Owner: Vadim Rudakov, lefthand67@gmail
Version: 0.2.1
Birth: 2025-12-05
Last Modified: 2025-12-06
INFO: The handbook is optimized for environments supporting Mermaid.js diagrams. For static export, rasterized versions are available in Appendix A.
This document maps the AI System Lifecycle to the foundational disciplines defined by the ACM/IEEE Joint Task Force on Computing Curricula (available at https://
The Foundational Computing Disciplines and Their Contribution to Production AI Systems¶
The table below maintains the official ACM/IEEE Computing Curricula structure but reclassifies ACM’s “Data Science” for terminological accuracy in a production context.
| Discipline | Latest Version | Target Audience/Focus Areas | Key Differences/Overlaps | AI/ML Implementation Examples |
|---|---|---|---|---|
| Computer Engineering | CE2016 | Undergraduate programs in Computer Engineering. | Focuses on hardware-software integration; crucial for specialized accelerator design. | FPGA/ASIC optimization for inference, CUDA kernel development, low-level memory management for HPC. |
| Computer Science | CS2023 | Undergraduate programs in Computer Science. | Broad foundational computing; emphasizes theoretical aspects, algorithms, and complexity. | Algorithm design for efficient sampling, Time/Space complexity analysis of inference, Novel attention mechanism design. |
| Cybersecurity | CSEC2017 | Post-secondary degree programs in Cybersecurity. | Focuses on security competencies; essential for robust, compliant MLOps deployment. | Threat modeling for MLOps pipelines, Adversarial attack mitigation (e.g., poisoning), secure API endpoint deployment. |
| ML/Statistical Foundations[1] | CCDS2021 | Undergraduate programs with a data science focus. | Integrates computing with statistics; focuses on analysis, modeling, and core ML principles. | Feature engineering, Exploratory Data Analysis (EDA), Model selection/hyperparameter tuning, designing evaluation metrics. |
| Information Systems | IS2020 | Undergraduate programs in Information Systems. | Emphasizes business and system competencies; organizational use of information. | Data Governance strategy, Stakeholder management for data access, Explainability (XAI) compliance reporting, Business process modeling around AI outputs. |
| Information Technology | IT2017 | Baccalaureate programs in Information Technology. | Focuses on practical infrastructure and support; vital for monitoring and platform maintenance. (Requires MLOps/SRE augmentation). | Cloud resource provisioning (Terraform/CloudFormation), Containerization (Docker/Podman), System monitoring and alerting. |
| Software Engineering | SE2014 | Specific to the software development lifecycle; emphasizes engineering practices, design, and testing. (Requires MLOps/SRE augmentation). | Microservice design for model serving, Automated testing (unit/load), CI/CD pipeline construction (GitOps), code quality standards. |
AI Systems Connection to the ACM Disciplines¶
The diagram shows AI Systems not as a separate branch, but as the convergent product of the foundational disciplines.

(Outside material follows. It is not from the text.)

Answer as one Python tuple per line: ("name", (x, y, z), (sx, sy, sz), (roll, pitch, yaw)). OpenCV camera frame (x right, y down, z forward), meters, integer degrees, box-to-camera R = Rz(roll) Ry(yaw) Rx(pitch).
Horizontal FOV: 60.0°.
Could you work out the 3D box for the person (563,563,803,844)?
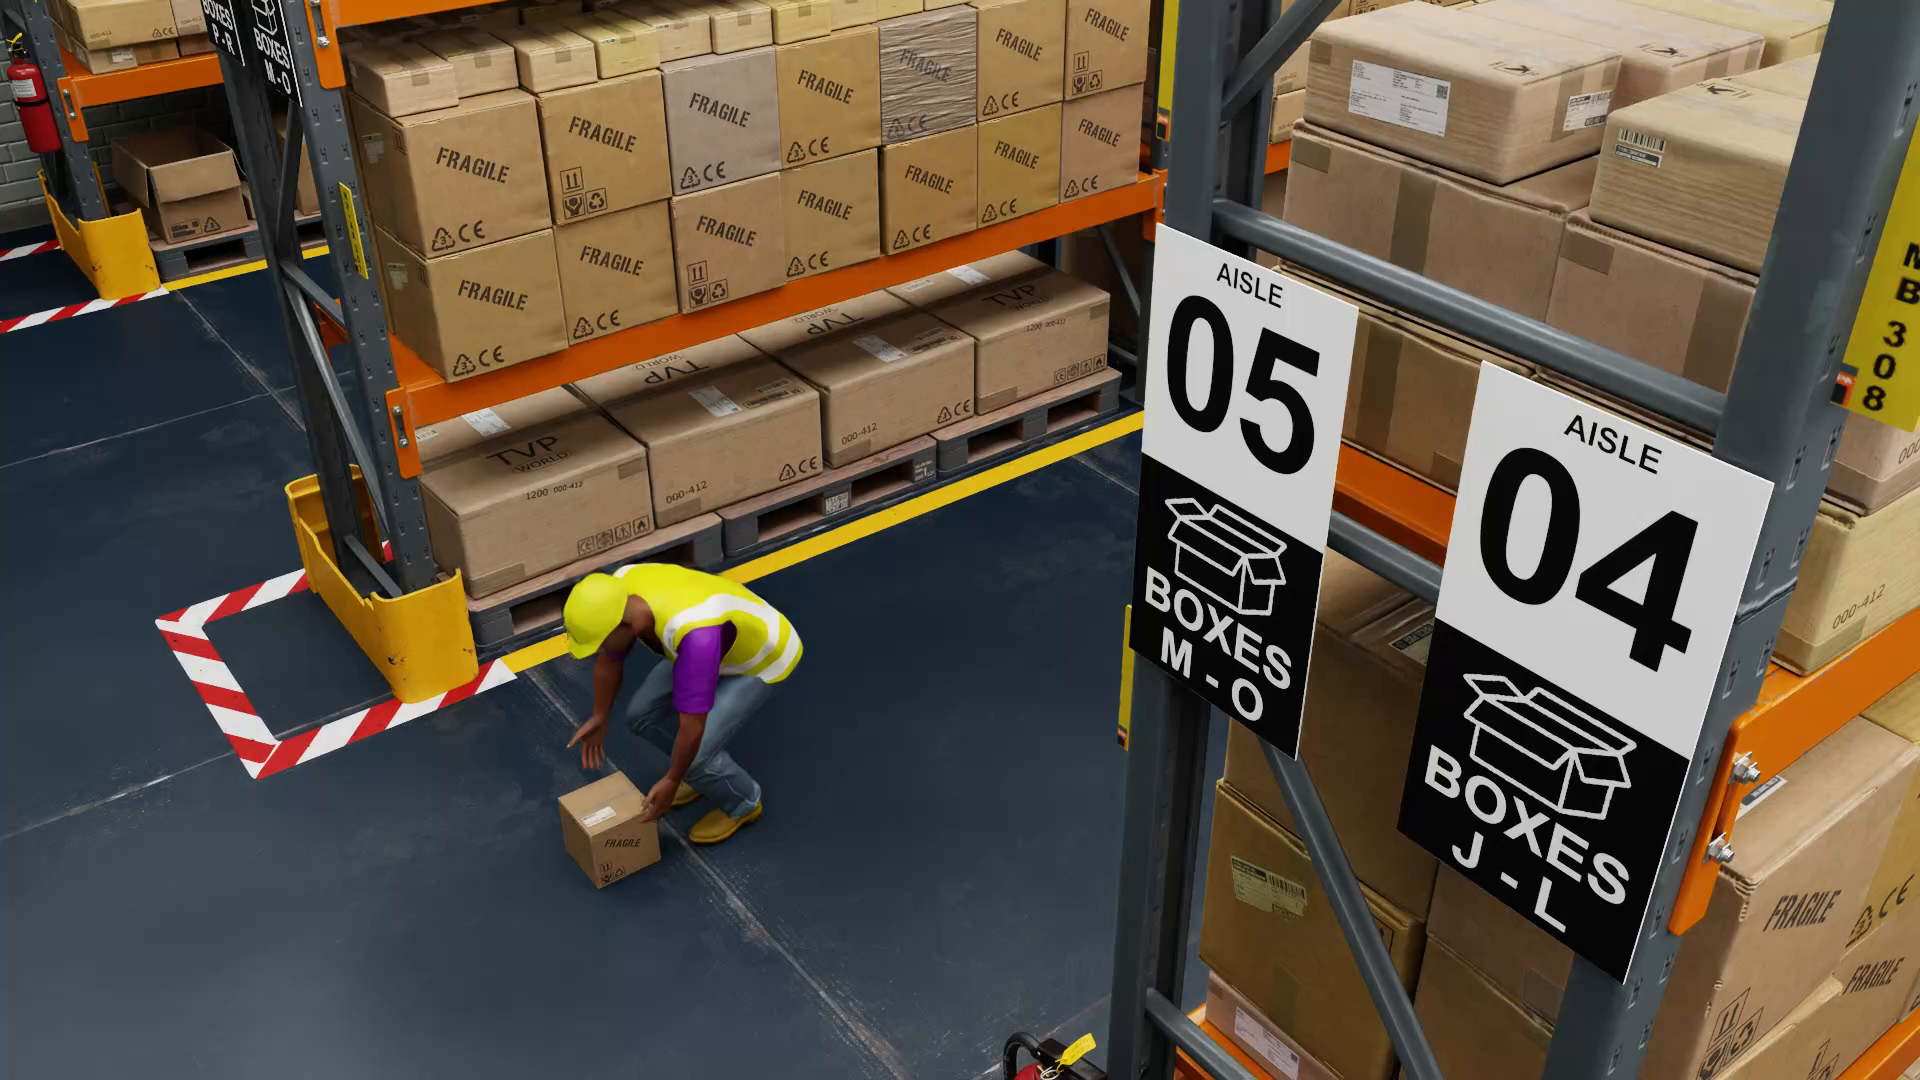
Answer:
("person", (-0.940, 0.525, 5.814), (0.847, 1.196, 0.619), (-22, 38, -31))

Breakdown of AI Grounding (Production Context)¶
Hardware & Optimization (AIH)
Grounded in: Computer Engineering (CE2016).

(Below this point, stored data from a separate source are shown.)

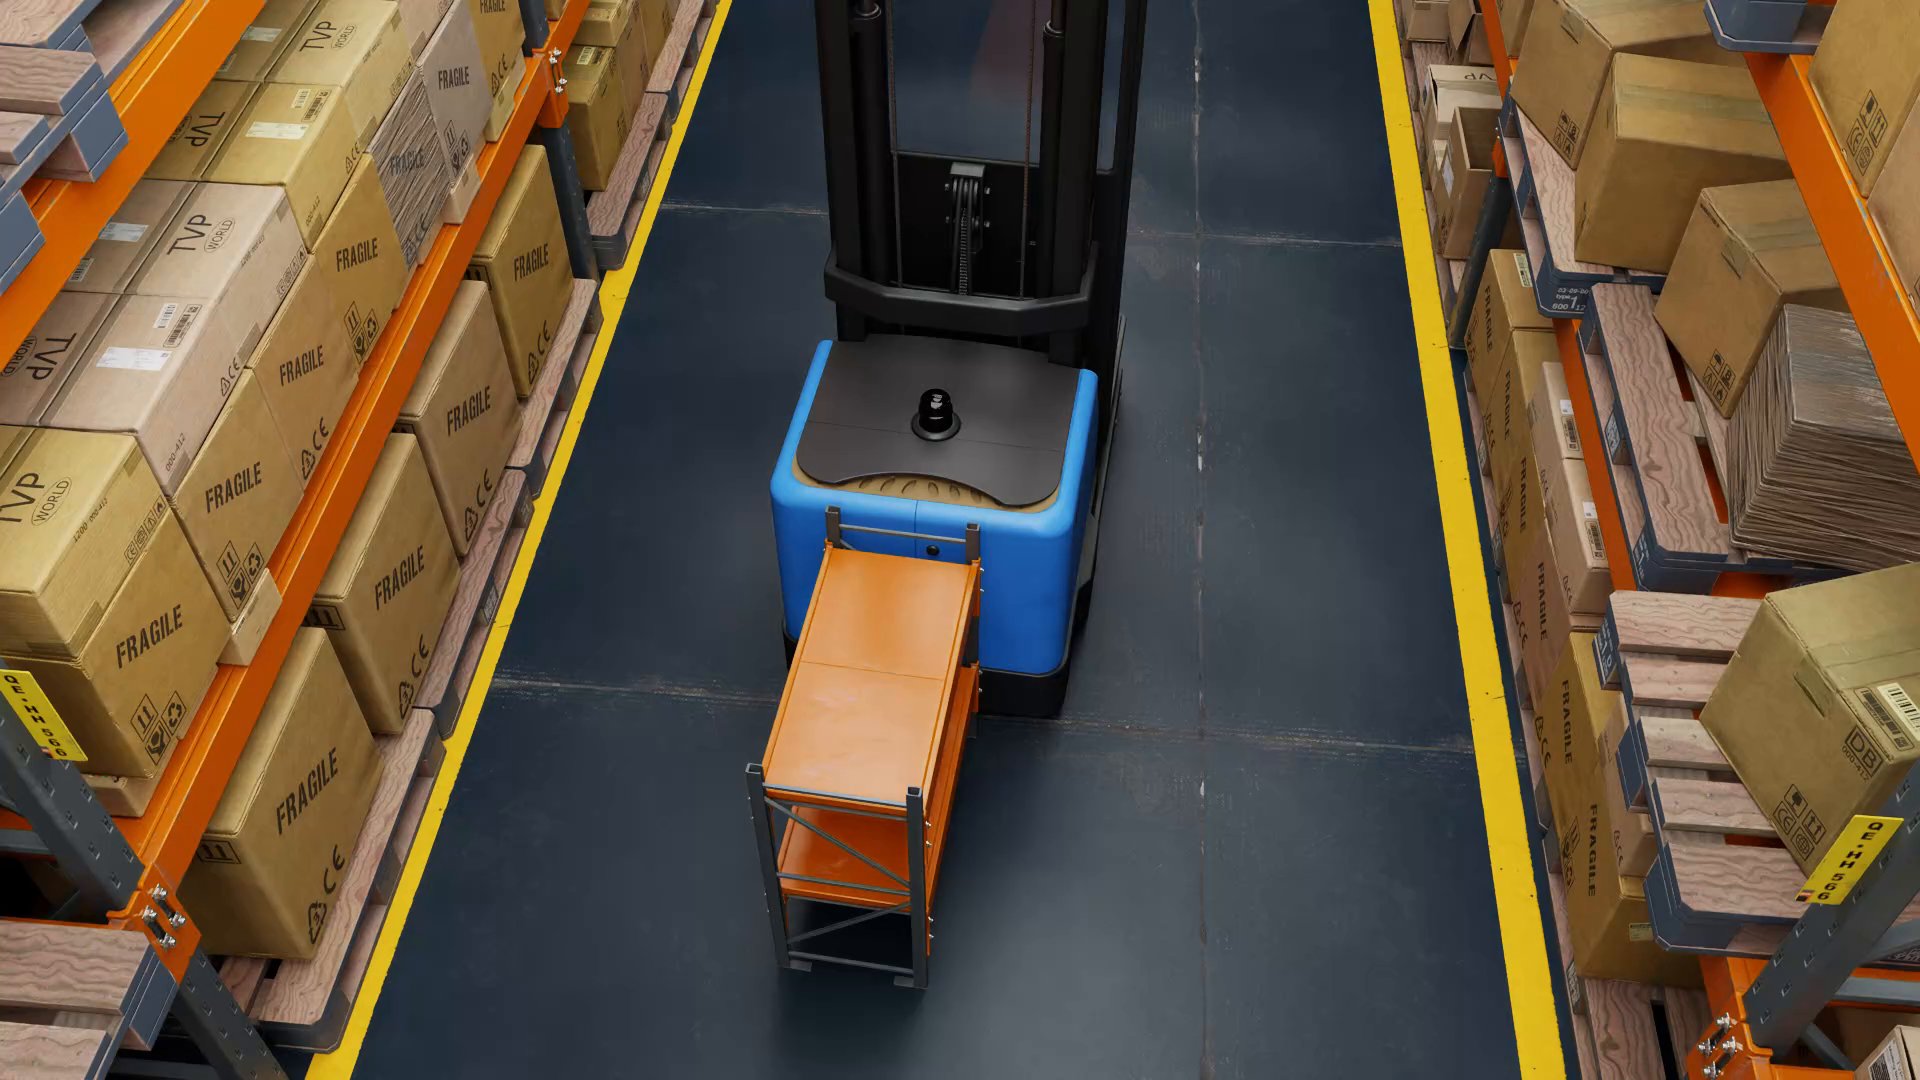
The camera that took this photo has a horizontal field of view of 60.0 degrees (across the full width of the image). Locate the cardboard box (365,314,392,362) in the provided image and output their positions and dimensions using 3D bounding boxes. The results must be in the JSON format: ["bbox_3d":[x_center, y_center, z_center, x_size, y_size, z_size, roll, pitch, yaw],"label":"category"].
[{"bbox_3d":[-2.150,-0.746,5.583,0.380,0.149,0.250,5,48,5],"label":"cardboard box"}]

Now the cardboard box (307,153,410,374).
[{"bbox_3d":[-2.128,-0.890,5.274,0.500,0.500,0.500,5,48,5],"label":"cardboard box"}]

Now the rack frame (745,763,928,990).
[{"bbox_3d":[-0.353,1.048,5.055,0.500,1.125,0.032,7,48,6],"label":"rack frame"}]

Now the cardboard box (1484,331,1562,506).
[{"bbox_3d":[2.403,-0.460,6.559,0.500,0.500,0.500,4,48,4],"label":"cardboard box"}]

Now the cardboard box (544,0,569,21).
[{"bbox_3d":[-2.140,-2.716,7.024,0.980,0.700,0.700,5,48,4],"label":"cardboard box"}]

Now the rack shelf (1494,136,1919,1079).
[{"bbox_3d":[2.545,-0.174,5.390,1.077,0.370,4.000,4,48,4],"label":"rack shelf"}]

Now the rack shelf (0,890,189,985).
[{"bbox_3d":[-2.753,2.435,3.004,1.077,0.370,4.000,4,48,4],"label":"rack shelf"}]

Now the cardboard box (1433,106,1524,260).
[{"bbox_3d":[2.497,-1.629,7.629,0.500,0.500,0.500,4,48,4],"label":"cardboard box"}]

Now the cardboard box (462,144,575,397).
[{"bbox_3d":[-2.135,-1.147,6.964,0.750,0.750,0.750,4,48,4],"label":"cardboard box"}]

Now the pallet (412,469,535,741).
[{"bbox_3d":[-2.310,0.195,6.454,1.003,0.211,1.213,4,48,4],"label":"pallet"}]

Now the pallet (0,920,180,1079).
[{"bbox_3d":[-2.529,1.318,3.668,1.213,0.211,1.003,4,48,4],"label":"pallet"}]

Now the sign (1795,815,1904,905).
[{"bbox_3d":[1.822,0.659,3.409,0.100,0.325,0.005,4,48,4],"label":"sign"}]

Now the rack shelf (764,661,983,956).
[{"bbox_3d":[-0.268,0.843,5.574,0.538,0.278,1.000,7,48,6],"label":"rack shelf"}]

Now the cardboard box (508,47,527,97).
[{"bbox_3d":[-1.955,-1.871,6.612,0.380,0.149,0.250,4,48,4],"label":"cardboard box"}]

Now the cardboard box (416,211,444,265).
[{"bbox_3d":[-2.076,-1.124,5.928,0.380,0.149,0.250,4,48,4],"label":"cardboard box"}]

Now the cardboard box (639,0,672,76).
[{"bbox_3d":[-1.937,-2.804,8.717,0.700,0.500,0.500,5,48,4],"label":"cardboard box"}]

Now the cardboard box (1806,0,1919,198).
[{"bbox_3d":[2.463,-1.073,3.624,0.910,0.500,0.500,4,48,4],"label":"cardboard box"}]

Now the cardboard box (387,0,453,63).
[{"bbox_3d":[-2.050,-1.875,5.667,0.500,0.250,0.500,5,48,4],"label":"cardboard box"}]

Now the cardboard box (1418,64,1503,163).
[{"bbox_3d":[2.566,-2.116,8.203,0.500,0.311,0.500,4,48,4],"label":"cardboard box"}]

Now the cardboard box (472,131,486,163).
[{"bbox_3d":[-2.023,-1.497,6.269,0.380,0.149,0.250,5,48,5],"label":"cardboard box"}]

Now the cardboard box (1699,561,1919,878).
[{"bbox_3d":[2.308,0.407,4.019,0.700,0.500,0.500,-11,48,-10],"label":"cardboard box"}]

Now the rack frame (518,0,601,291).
[{"bbox_3d":[-2.206,-2.217,6.771,1.000,3.000,0.127,4,48,4],"label":"rack frame"}]

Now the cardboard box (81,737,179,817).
[{"bbox_3d":[-2.310,0.574,4.375,0.380,0.149,0.250,3,48,3],"label":"cardboard box"}]

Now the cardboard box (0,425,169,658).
[{"bbox_3d":[-2.269,-0.009,3.960,0.500,0.250,0.500,5,48,4],"label":"cardboard box"}]

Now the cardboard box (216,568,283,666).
[{"bbox_3d":[-2.169,0.200,4.717,0.380,0.149,0.250,5,48,5],"label":"cardboard box"}]

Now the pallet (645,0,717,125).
[{"bbox_3d":[-1.950,-2.728,9.128,1.003,0.211,1.213,4,48,4],"label":"pallet"}]

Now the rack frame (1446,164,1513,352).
[{"bbox_3d":[2.728,-1.887,6.469,1.000,3.000,0.127,4,48,4],"label":"rack frame"}]

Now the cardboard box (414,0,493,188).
[{"bbox_3d":[-2.033,-1.626,5.948,0.500,0.500,0.500,4,48,4],"label":"cardboard box"}]

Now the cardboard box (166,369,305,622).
[{"bbox_3d":[-2.214,-0.142,4.591,0.500,0.500,0.500,5,48,5],"label":"cardboard box"}]

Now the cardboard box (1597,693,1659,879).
[{"bbox_3d":[2.216,0.750,4.945,0.500,0.250,0.500,6,48,5],"label":"cardboard box"}]

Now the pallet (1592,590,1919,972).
[{"bbox_3d":[2.355,0.615,4.311,1.213,0.211,1.003,4,48,4],"label":"pallet"}]

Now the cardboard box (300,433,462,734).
[{"bbox_3d":[-2.286,0.131,5.795,0.750,0.750,0.750,4,48,3],"label":"cardboard box"}]

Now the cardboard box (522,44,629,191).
[{"bbox_3d":[-2.035,-2.058,8.035,0.700,0.500,0.500,4,48,4],"label":"cardboard box"}]

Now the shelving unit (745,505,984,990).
[{"bbox_3d":[-0.268,0.678,5.393,0.538,1.125,1.048,7,48,6],"label":"shelving unit"}]

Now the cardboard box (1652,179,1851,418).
[{"bbox_3d":[2.628,-0.760,5.086,0.700,0.500,0.500,-7,48,-6],"label":"cardboard box"}]

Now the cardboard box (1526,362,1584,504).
[{"bbox_3d":[2.350,-0.371,5.970,0.500,0.250,0.500,4,48,4],"label":"cardboard box"}]

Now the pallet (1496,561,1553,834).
[{"bbox_3d":[2.583,0.554,6.126,1.003,0.211,1.213,4,48,4],"label":"pallet"}]

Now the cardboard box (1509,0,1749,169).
[{"bbox_3d":[2.462,-1.729,5.972,0.700,0.500,0.500,-11,48,-10],"label":"cardboard box"}]

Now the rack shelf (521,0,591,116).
[{"bbox_3d":[-2.023,-3.444,8.380,1.077,0.370,4.000,4,48,4],"label":"rack shelf"}]

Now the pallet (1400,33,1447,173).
[{"bbox_3d":[2.900,-2.349,8.781,1.003,0.211,1.213,4,48,4],"label":"pallet"}]

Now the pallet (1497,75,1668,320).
[{"bbox_3d":[2.546,-1.242,6.009,1.003,0.211,1.213,4,48,4],"label":"pallet"}]

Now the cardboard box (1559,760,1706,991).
[{"bbox_3d":[2.215,1.045,5.183,0.500,0.500,0.500,6,48,5],"label":"cardboard box"}]

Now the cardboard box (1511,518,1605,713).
[{"bbox_3d":[2.304,0.279,5.884,0.500,0.500,0.500,2,48,2],"label":"cardboard box"}]

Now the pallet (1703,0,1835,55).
[{"bbox_3d":[2.507,-1.599,4.300,1.213,0.211,1.003,4,48,4],"label":"pallet"}]

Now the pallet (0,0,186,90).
[{"bbox_3d":[-2.465,-1.525,4.233,1.003,0.211,1.213,6,48,5],"label":"pallet"}]

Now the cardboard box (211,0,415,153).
[{"bbox_3d":[-2.096,-1.501,5.325,0.500,0.250,0.500,5,48,4],"label":"cardboard box"}]

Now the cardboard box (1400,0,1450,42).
[{"bbox_3d":[2.669,-2.931,8.989,0.500,0.250,0.500,4,48,4],"label":"cardboard box"}]

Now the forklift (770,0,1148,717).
[{"bbox_3d":[0.106,-1.447,6.113,1.130,2.935,3.031,7,48,7],"label":"forklift"}]

Production Context: Covers high-performance computing clusters and hardware-software co-design. This is where systems thinking and low-level optimization (memory, latency) are applied to specialized accelerators (GPUs, TPUs) for efficiency.
Training & Modeling (AIT)
Grounded in: ML/Statistical Foundations (CCDS2021).
Production Context: The engineering application of these principles is Machine Learning Engineering (MLE), focused on reproducible training, model versioning, bias mitigation, and data pipeline integrity.
Deployment & MLOps (AID)
Grounded in: Software Engineering (SE2014), Information Technology (IT2017), and Cybersecurity (CSEC2017).
Production Context: This phase synthesizes multiple disciplines and must be augmented by MLOps/SRE principles, which go beyond the scope of older curricula. Adherence to standards like ISO/IEC 23053 (AI Engineering Framework) and ISO/IEC 29148 (Requirements Engineering) is mandatory.
Software Engineering handles model integration into scalable, robust microservices.
Information Technology handles the underlying cloud infrastructure, logging, and continuous performance monitoring (the “Ops” of MLOps).
Cybersecurity ensures compliance, integrity, and threat-response, crucial for a trusted service.
Appendix A. Renderred Diagram¶
CCDS2021 provides a competency model for Data Science, not a full degree curriculum equivalent to CS or SE. In a production setting, this discipline is implemented as Machine Learning Engineering (MLE) for efficient deployment.